Mexican Spice Mix: equal parts of the following ingredients except chili powder, which should be the main component
Uses: all varieties of mexican/latin dishes
Chili powder – See above.
Paprika – See chili powder.
Sea salt – See above.
Coriander – Little is it known that this is the seed of the cilantro plant and relieves indigestion, gas and stomach pain.
Cumin – This slightly overpowering spice can stimulate menstruation and lactation, but also relieves gas, indigestion and inflammation.
Cayenne – See chili powder.
Oregano – See above.
Garlic – See above.
Onion – See above.
Chai Spice Mix: approximately equal parts of each of the following ingredients, with more emphasis on ginger and cinnamon
Uses: baked goods, ice cream, hot chocolate, mixed with black tea and milk for chai latte, pumpkin dishes, custard, pudding, pies, apple sauce, cobbler, alcoholic drinks, and so much more!
Ginger – Science has come around to the amazing properties of ginger and studies now support its use for inflammation, high cholesterol, allergies, asthma, indigestion, detoxification, and infections.
Cinnamon – Like black pepper, cinnamon is another mostly unheard of spice that was used to preserve foods and is still sometimes used in pickling for its antibacterial and antifungal properties. Nowadays cinnamon is mostly beneficial for its flavor that is frequently associated with the comfort and joy of rich desserts and delicious drinks, but it also does help with colds and stomach upset.

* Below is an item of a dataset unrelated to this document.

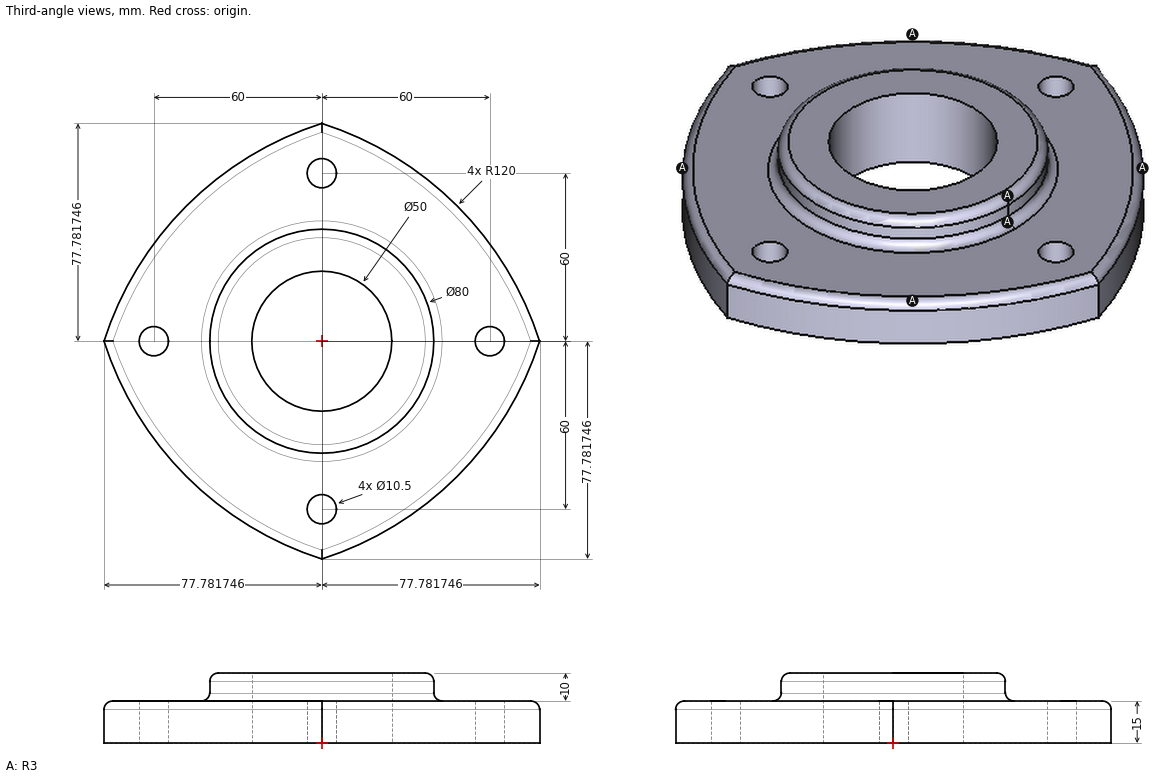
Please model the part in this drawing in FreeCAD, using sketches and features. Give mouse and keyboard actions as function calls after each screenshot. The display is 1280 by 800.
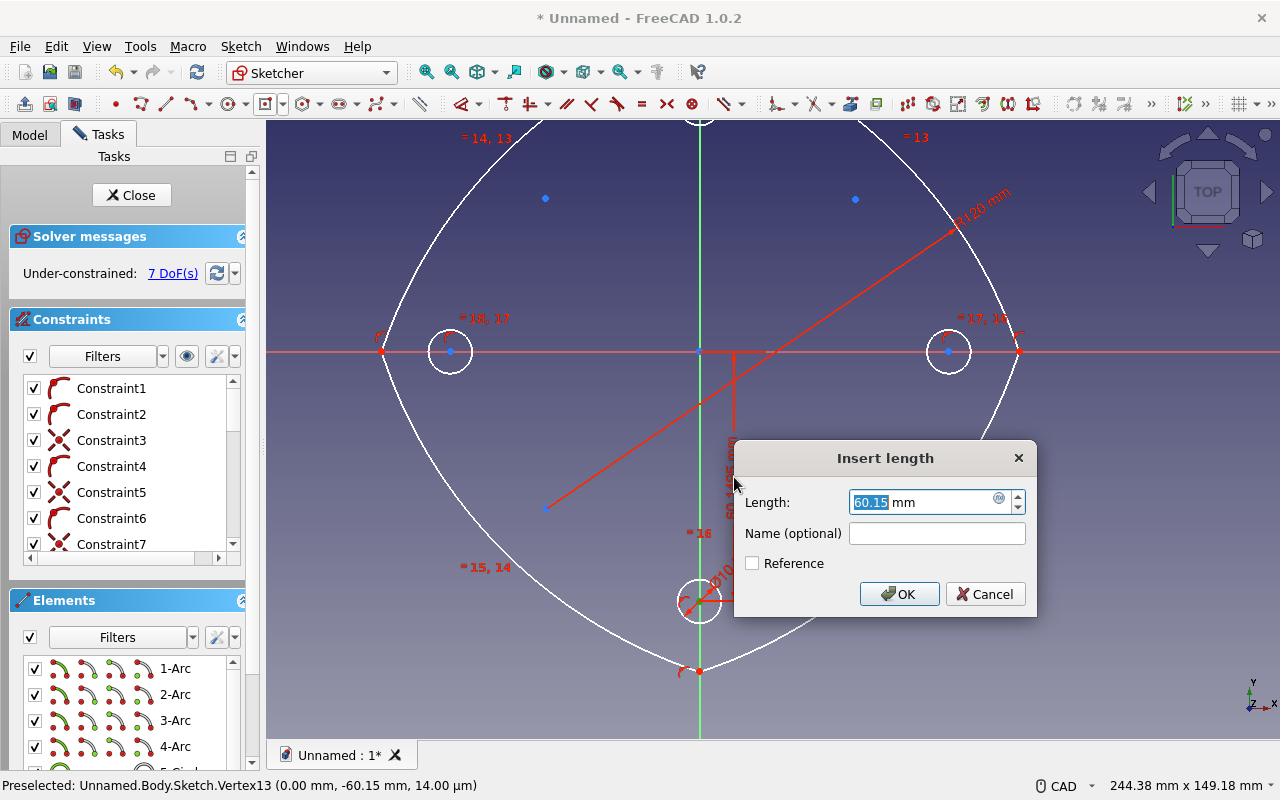
text(60)
key(Return)
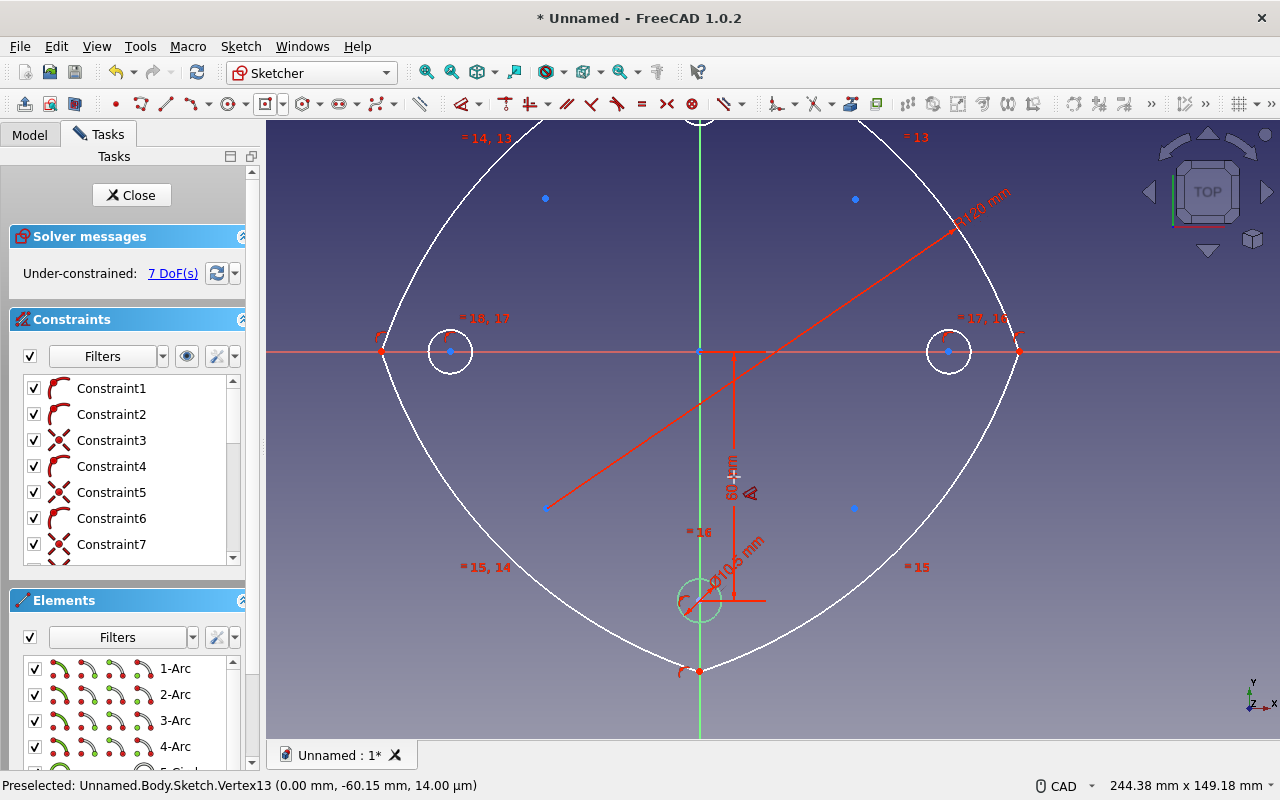
click(949, 352)
click(824, 386)

Cloves – Studies have shown that clove poulstices and clove oil are both effective at treating toothe ache and freshening breath, but it is also traditionally used as a germicide for a variety of infections and in
inal distress caused by bacteria.
Cardamom – This spice is one of few that is just a generically good spice used traditionally for a variety of things, including as an aphrodisiac, breath freshener, sedative, stimulant (how contrary!) and treatment for certain cancers. As there are no concerns in use of this spice, I happily include it for good measure regardless of what it really does.

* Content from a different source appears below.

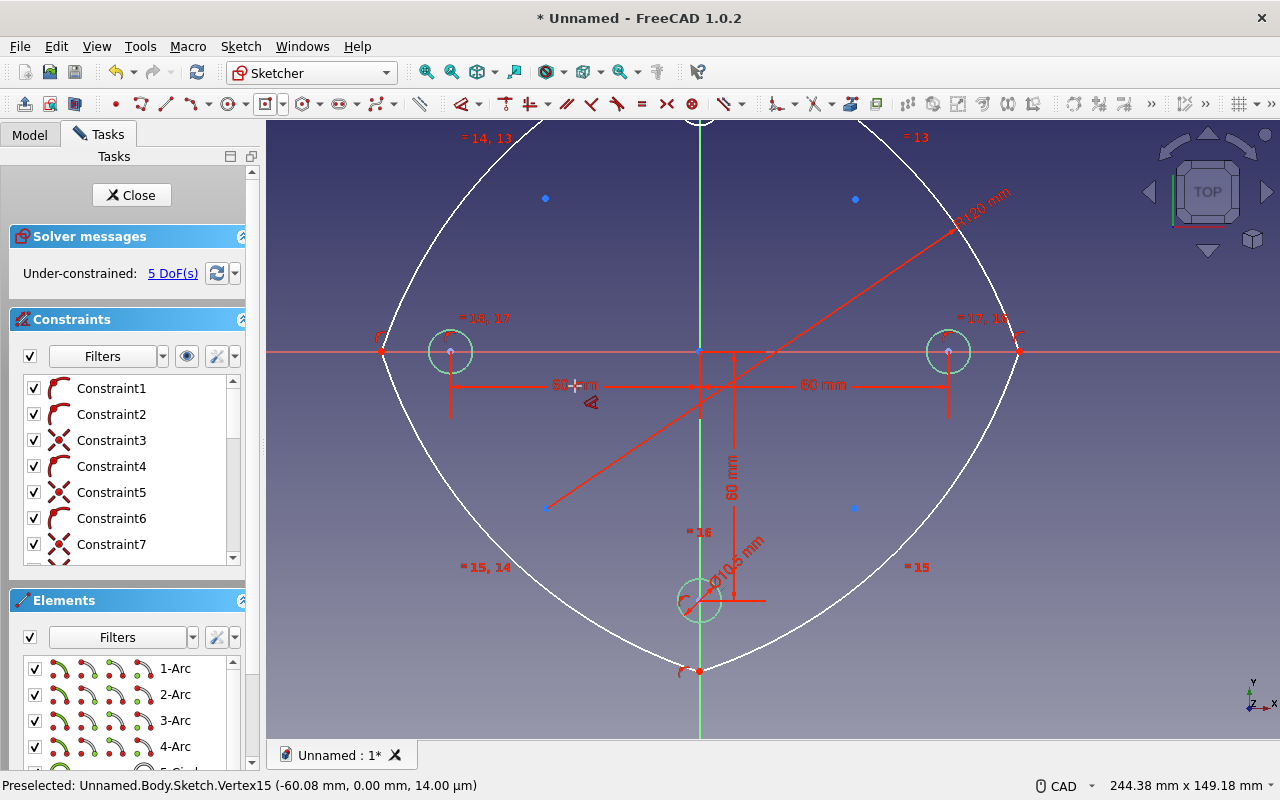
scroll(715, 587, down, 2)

Nutmeg – Helpful in treating gas, chest congestion and even diarrhea from rotovirus, this delightfully mild spice nut has also been used in a study to treat erectile dysfunction.
Allspice – Yet another spice to aid in digestive upset, allspice berries, even the dried one, pack more antioxidant power than most other berries, and also helps with allergies.
Vanilla powder – This ingredient is included partially to balance out the other spice flavors and bring out the richness of the mix, but vanilla itself has been traditionally used as an aphrodisiac and calming aromatic.
Sugar (optional) – This is also used to balance the flavors of the other spices, but if you enjoy a strong punch of flavor, leave it out. Try to get all natural cane sugar called sucanat or rapadura. You could conceivably use stevia powder as well!
White pepper (optional or just a pinch) – Traditional chai uses a small bit of white pepper to give a hint of straight spice. I personally do not use this ingredient.